Radioactive waste from the Bakken Shale in North Dakota received a lot of attention in February when hundreds of radioactive filter socks where discovered in an abandoned gas station near the Canadian Border. In 2011, Houston, TX Television station KHOU exposed a government cover-up of radioactive contamination in drinking water. According to the report, the Texas Commission on Environmental Quality, lowered radiation test results in drinking water so that local water agencies could avoid informing residents of the increased health risk, violating federal EPA rules.

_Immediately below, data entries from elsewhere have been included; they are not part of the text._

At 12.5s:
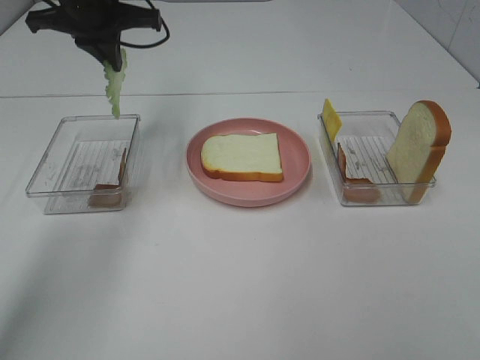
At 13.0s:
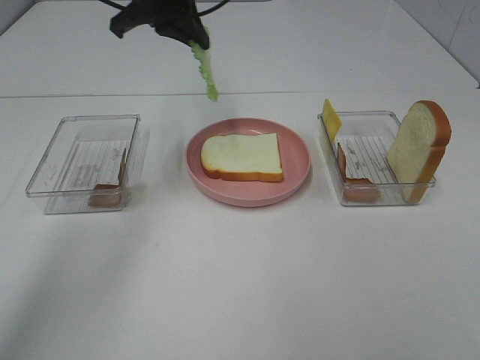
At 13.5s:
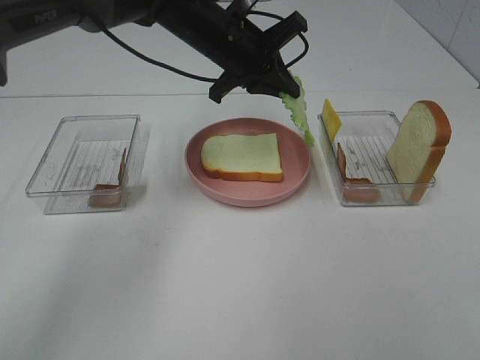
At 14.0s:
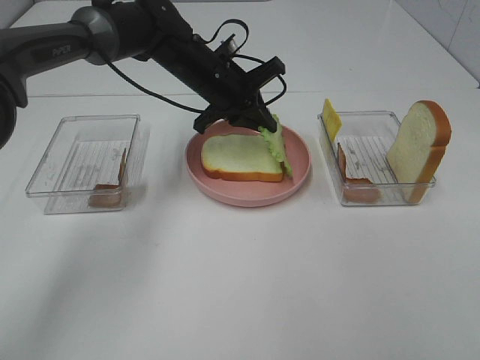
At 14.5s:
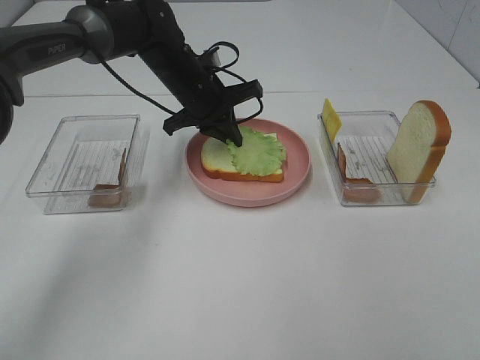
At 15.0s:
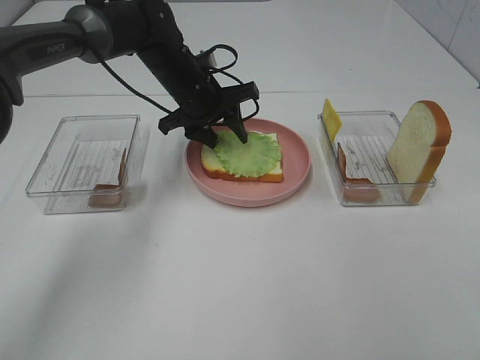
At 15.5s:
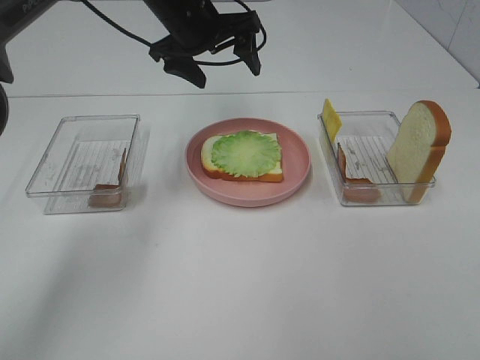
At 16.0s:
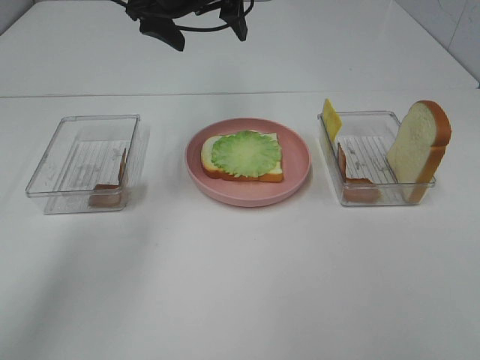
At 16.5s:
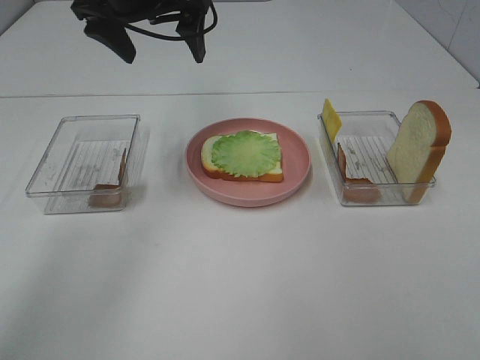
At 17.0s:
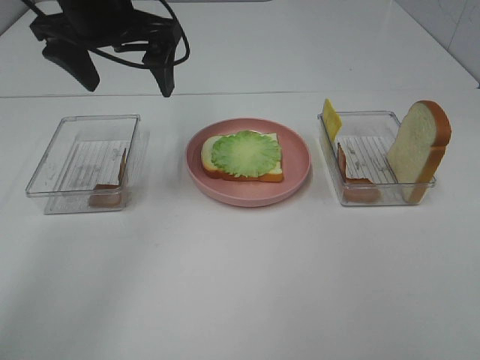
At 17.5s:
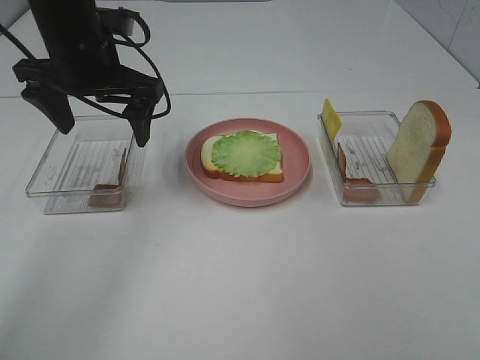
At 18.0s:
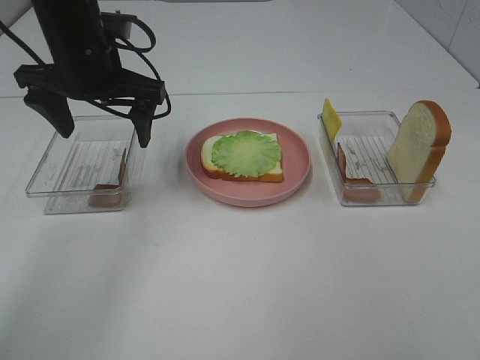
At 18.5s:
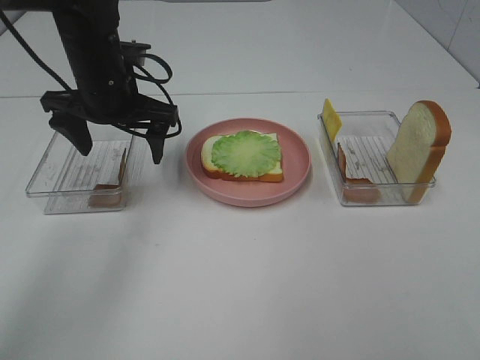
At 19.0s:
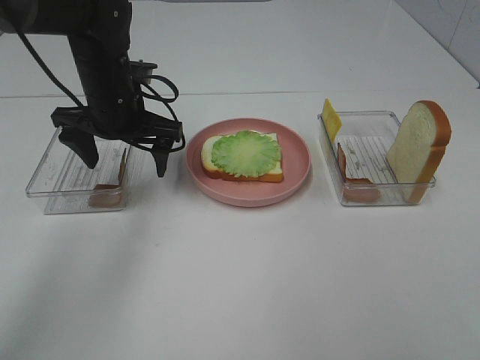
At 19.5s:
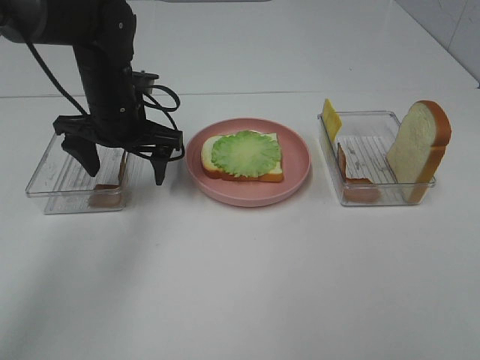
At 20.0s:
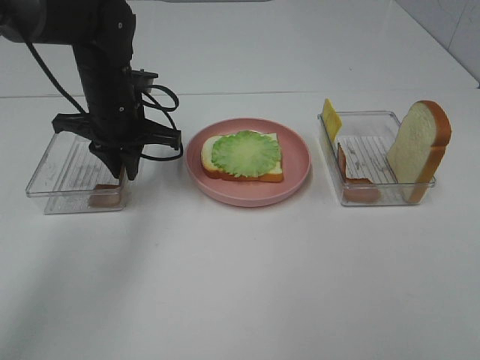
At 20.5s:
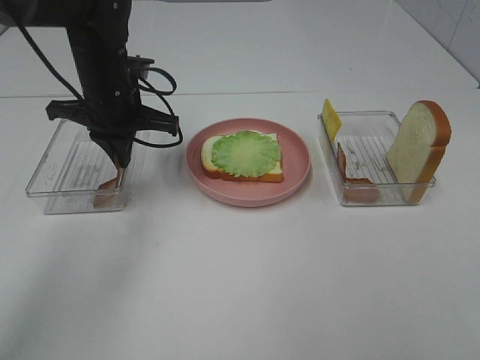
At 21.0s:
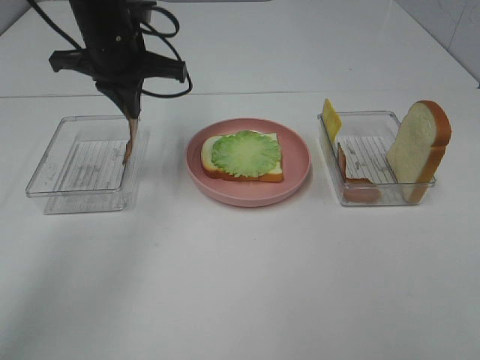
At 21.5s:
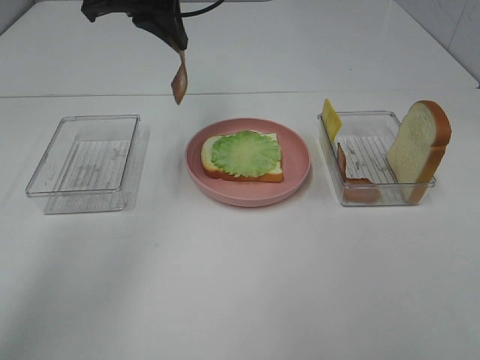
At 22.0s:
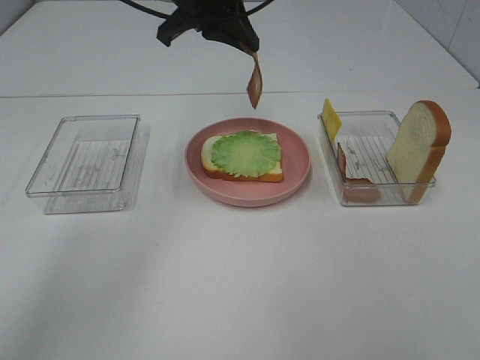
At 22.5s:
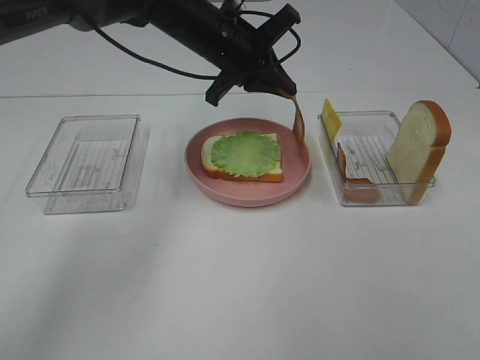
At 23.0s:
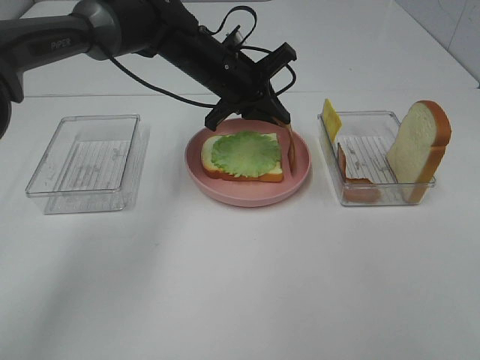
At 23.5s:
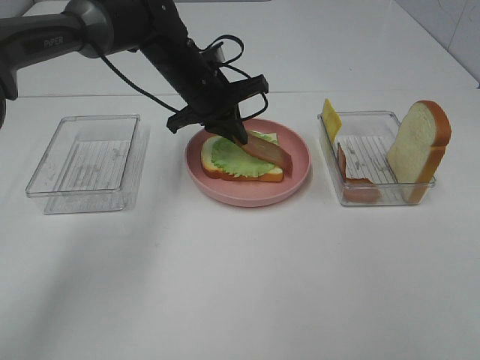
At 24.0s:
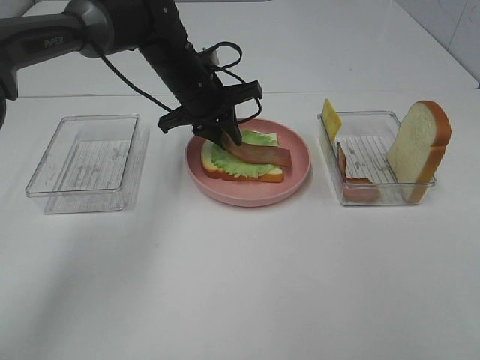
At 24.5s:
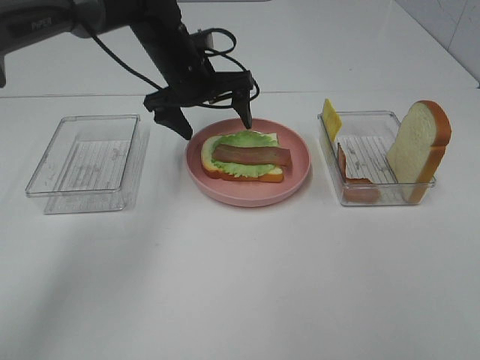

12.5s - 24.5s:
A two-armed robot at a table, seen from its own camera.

In summary, radioactive frack-waste will be trucked to Youngstown, tested in minutes using a secret technique by a limited liability corporation, under no rules from the ODNR. As you would imagine, the nearby citizens of Brier Hill are very concerned. It was only through citizen action that the public was made aware of the potential risks of trucking radioactive fracking waste through Youngstown. These risks include accidents, spills, explosions and/or fires. ODNR ordered the company to begin work without any public comment and has no rules with which to inspect and regulate what’s happening there. Local politicians appear uninformed and unconcerned, that is until something harmful happens. I think it’s important to keep in mind that passage of the Citizen’s Bill of Rights to amend the Youngstown City Charter last election would have prevented this from happening in the first place. Columbus voters will have a similar opportunity to ban fracking in the near future.